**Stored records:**
----------------------------------------
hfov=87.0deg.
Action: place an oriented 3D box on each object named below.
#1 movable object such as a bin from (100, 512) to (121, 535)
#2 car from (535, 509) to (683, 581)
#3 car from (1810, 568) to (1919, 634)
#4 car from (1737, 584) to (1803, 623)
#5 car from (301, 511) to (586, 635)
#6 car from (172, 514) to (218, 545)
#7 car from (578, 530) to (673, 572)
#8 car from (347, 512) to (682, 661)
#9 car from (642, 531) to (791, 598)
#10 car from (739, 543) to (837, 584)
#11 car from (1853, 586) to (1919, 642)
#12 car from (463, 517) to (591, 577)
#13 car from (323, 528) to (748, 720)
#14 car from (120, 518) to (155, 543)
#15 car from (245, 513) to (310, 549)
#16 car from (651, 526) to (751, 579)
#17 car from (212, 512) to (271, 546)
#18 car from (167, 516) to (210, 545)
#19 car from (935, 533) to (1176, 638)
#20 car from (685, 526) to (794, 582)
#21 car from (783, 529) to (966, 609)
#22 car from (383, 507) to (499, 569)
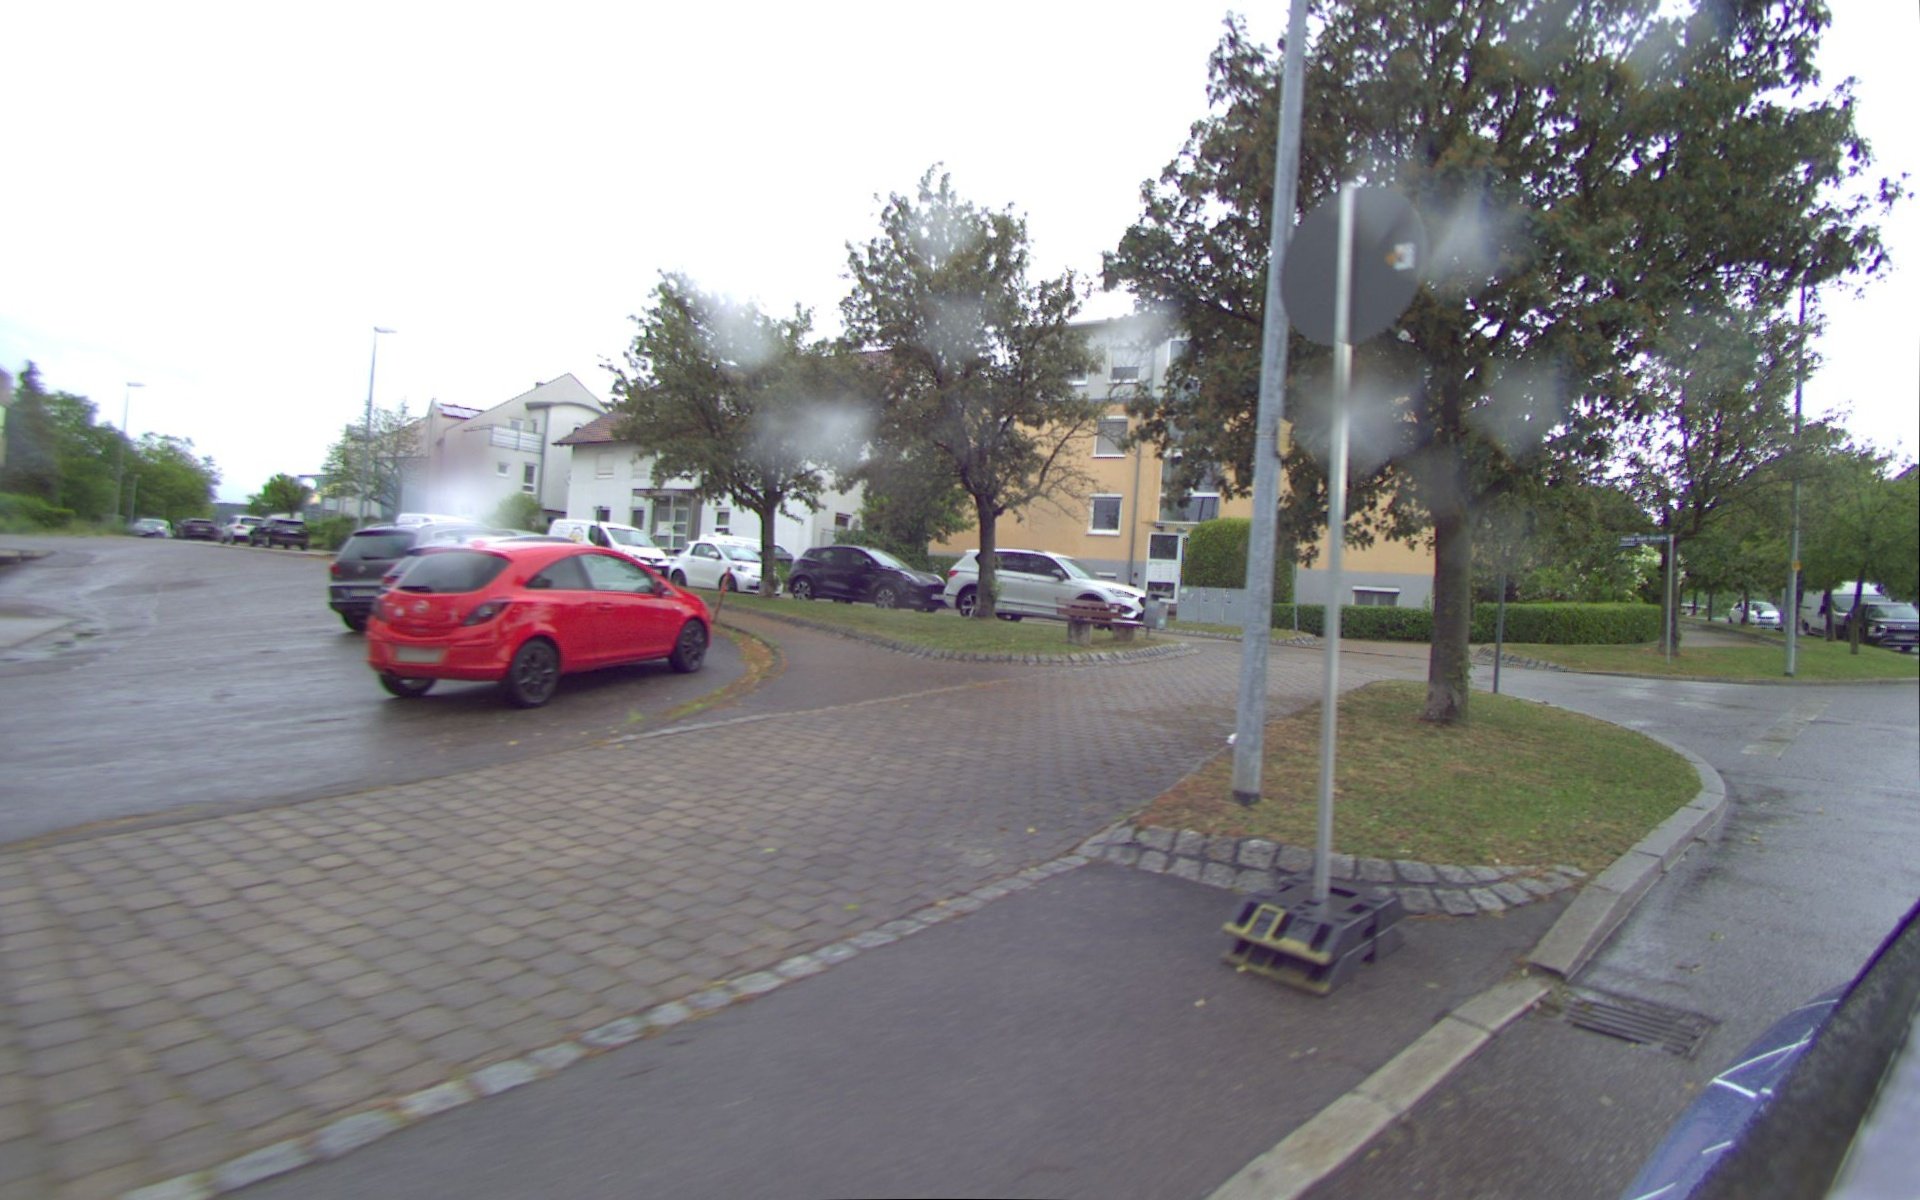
[{"bbox_3d":[-46.055,-4.164,54.868,0.920,1.220,0.647,2,2,32],"label":"movable object such as a bin"},{"bbox_3d":[-10.547,-1.641,30.303,4.393,1.953,1.908,3,0,34],"label":"car"},{"bbox_3d":[35.733,0.003,40.169,2.037,2.360,5.351,2,2,29],"label":"car"},{"bbox_3d":[42.738,0.145,53.474,1.807,1.807,3.787,2,3,25],"label":"car"},{"bbox_3d":[-8.482,-0.541,17.167,1.830,1.819,4.446,0,4,13],"label":"car"},{"bbox_3d":[-51.635,-4.727,68.258,2.156,1.898,3.994,1,2,-41],"label":"car"},{"bbox_3d":[-14.760,-2.159,44.827,1.769,1.669,3.736,4,3,29],"label":"car"},{"bbox_3d":[-6.092,-0.375,14.657,1.831,1.602,4.817,2,7,14],"label":"car"},{"bbox_3d":[-6.625,-0.974,27.449,3.804,1.689,1.813,3,2,34],"label":"car"},{"bbox_3d":[-6.604,-1.404,39.098,1.710,1.433,3.642,4,3,32],"label":"car"},{"bbox_3d":[32.602,0.441,35.101,1.805,1.748,4.595,3,3,34],"label":"car"},{"bbox_3d":[-14.019,-1.711,32.731,3.993,1.754,1.931,3,0,35],"label":"car"},{"bbox_3d":[-4.205,0.037,10.906,1.835,1.603,4.303,2,5,19],"label":"car"},{"bbox_3d":[-68.905,-5.790,84.747,2.156,1.898,3.994,1,2,-41],"label":"car"},{"bbox_3d":[-36.113,-3.643,53.549,3.986,1.720,1.903,5,3,41],"label":"car"},{"bbox_3d":[-10.652,-1.930,41.905,1.722,1.986,3.845,4,3,32],"label":"car"},{"bbox_3d":[-40.845,-4.043,57.493,3.987,1.762,1.875,5,3,42],"label":"car"},{"bbox_3d":[-54.863,-4.945,71.967,2.156,1.898,3.994,1,2,-41],"label":"car"},{"bbox_3d":[1.972,-0.378,21.484,4.681,1.836,1.925,5,3,33],"label":"car"},{"bbox_3d":[-8.768,-1.822,40.561,1.987,2.038,3.952,4,3,34],"label":"car"},{"bbox_3d":[-2.085,-0.761,24.355,3.989,1.754,1.933,3,0,32],"label":"car"},{"bbox_3d":[-18.501,-2.201,36.025,4.132,1.994,1.931,3,0,35],"label":"car"}]
----------------------------------------
**REQUIREMENT:**
Beginning with the line above that contains "#2 car from (535, 509) to (683, 581)", copy each line exactly up to and including the line that contains "#21 car from (783, 529) to (966, 609)", and go no further.

**ANSWER AREA:**
#2 car from (535, 509) to (683, 581)
#3 car from (1810, 568) to (1919, 634)
#4 car from (1737, 584) to (1803, 623)
#5 car from (301, 511) to (586, 635)
#6 car from (172, 514) to (218, 545)
#7 car from (578, 530) to (673, 572)
#8 car from (347, 512) to (682, 661)
#9 car from (642, 531) to (791, 598)
#10 car from (739, 543) to (837, 584)
#11 car from (1853, 586) to (1919, 642)
#12 car from (463, 517) to (591, 577)
#13 car from (323, 528) to (748, 720)
#14 car from (120, 518) to (155, 543)
#15 car from (245, 513) to (310, 549)
#16 car from (651, 526) to (751, 579)
#17 car from (212, 512) to (271, 546)
#18 car from (167, 516) to (210, 545)
#19 car from (935, 533) to (1176, 638)
#20 car from (685, 526) to (794, 582)
#21 car from (783, 529) to (966, 609)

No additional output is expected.